I'm stronger than my Mistress now.
I know, because I can sense ki pretty well now, but I don't think she's realized it. It's not a bad thing, I don't think – I'm better suited to keep her safe now than I ever was before – but I don't mean to tell her, and I hope that none of the Saiyajin's people are tactless enough to mention it. They almost never seem to intend to do it, but they cause her to lose face in their presence often enough already. It might be that this knowledge would shame her, and I don't mean to do anything that adds to her troubles if I can help it. But I'm uneasy keeping things from her.

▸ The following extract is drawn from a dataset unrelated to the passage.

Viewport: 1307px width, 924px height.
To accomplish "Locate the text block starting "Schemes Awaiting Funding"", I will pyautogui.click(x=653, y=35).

This place – these people – diminish her. She's become uncertain about almost everything – she's slow to speak these days, and her words are often tentative, sometimes confused. It would be best for us to get away from here as soon as the matter of Uragiru is resolved. That's why I've been working so hard. I don't have much talent for this ki sensing stuff – I know I haven't picked it up as fast as the boys seem to think I should – but for a chance of getting even with Uragiru for my Mistress I keep working at it all the time.

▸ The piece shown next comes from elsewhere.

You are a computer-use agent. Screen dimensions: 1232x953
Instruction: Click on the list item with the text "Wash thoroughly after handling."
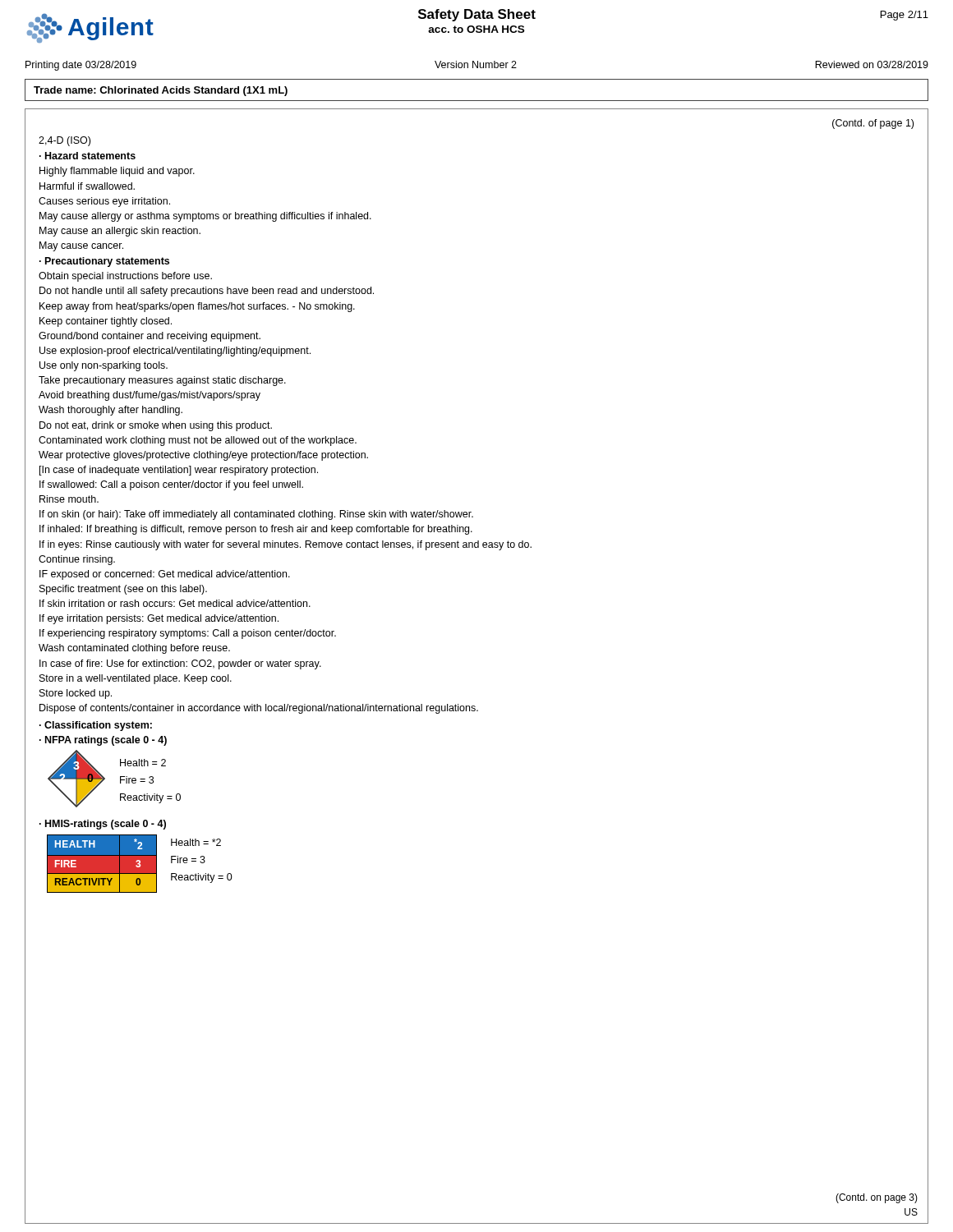[x=111, y=410]

I would have liked to ask Frost about how to approach some of these problems, but I don't trust him to give me the right advice as much as I used to. Uragiru was always his creature – if he couldn't see what she was up to, then how much can his judgment be trusted? And there's another thing.
He and my Mistress are fighting. Not in the common and shameless way that Son Goku and his wife fight, with Chichi shouting abuses at the Super Saiyajin so loudly that even Frost and my Mistress could hear them through the walls of the little house that Bulma had lent my Mistress, though both of them pretended that they didn't hear because they knew what good manners were. But they were fighting. With short pauses and pointed silences and in carefully chosen, exceedingly tactful words, they were fighting, and with questions that were deliberately obtuse, and with answers that deflected those questions, and with a hundred calculated little actions or failures to act.
It had something to do with Uragiru, too, I think. He still seemed more hurt and confused about what she'd done than he was angry. He kept worrying at the thing, trying to sniff out a motive – to make sense of it. All that was wearing hard on my Mistress.
But it wasn't just Uragiru – it also had to do with him and the Saiyajin's people. Before now, I don't think my Mistress had ever seen with her own eyes what Frost gets like when he's around outsiders who treat him like he's one of theirs – folks who don't understand how far above them he ought to be, or who tend to forget (because he lets them) if they do know. I've seen it happen lots of times – how quickly he adopts their mannerisms and turns of speech, how intent he becomes upon doing a thing in the way that they consider proper and how happy he gets once he's figured it out – but it was a shock to my Mistress, every time she saw him at it.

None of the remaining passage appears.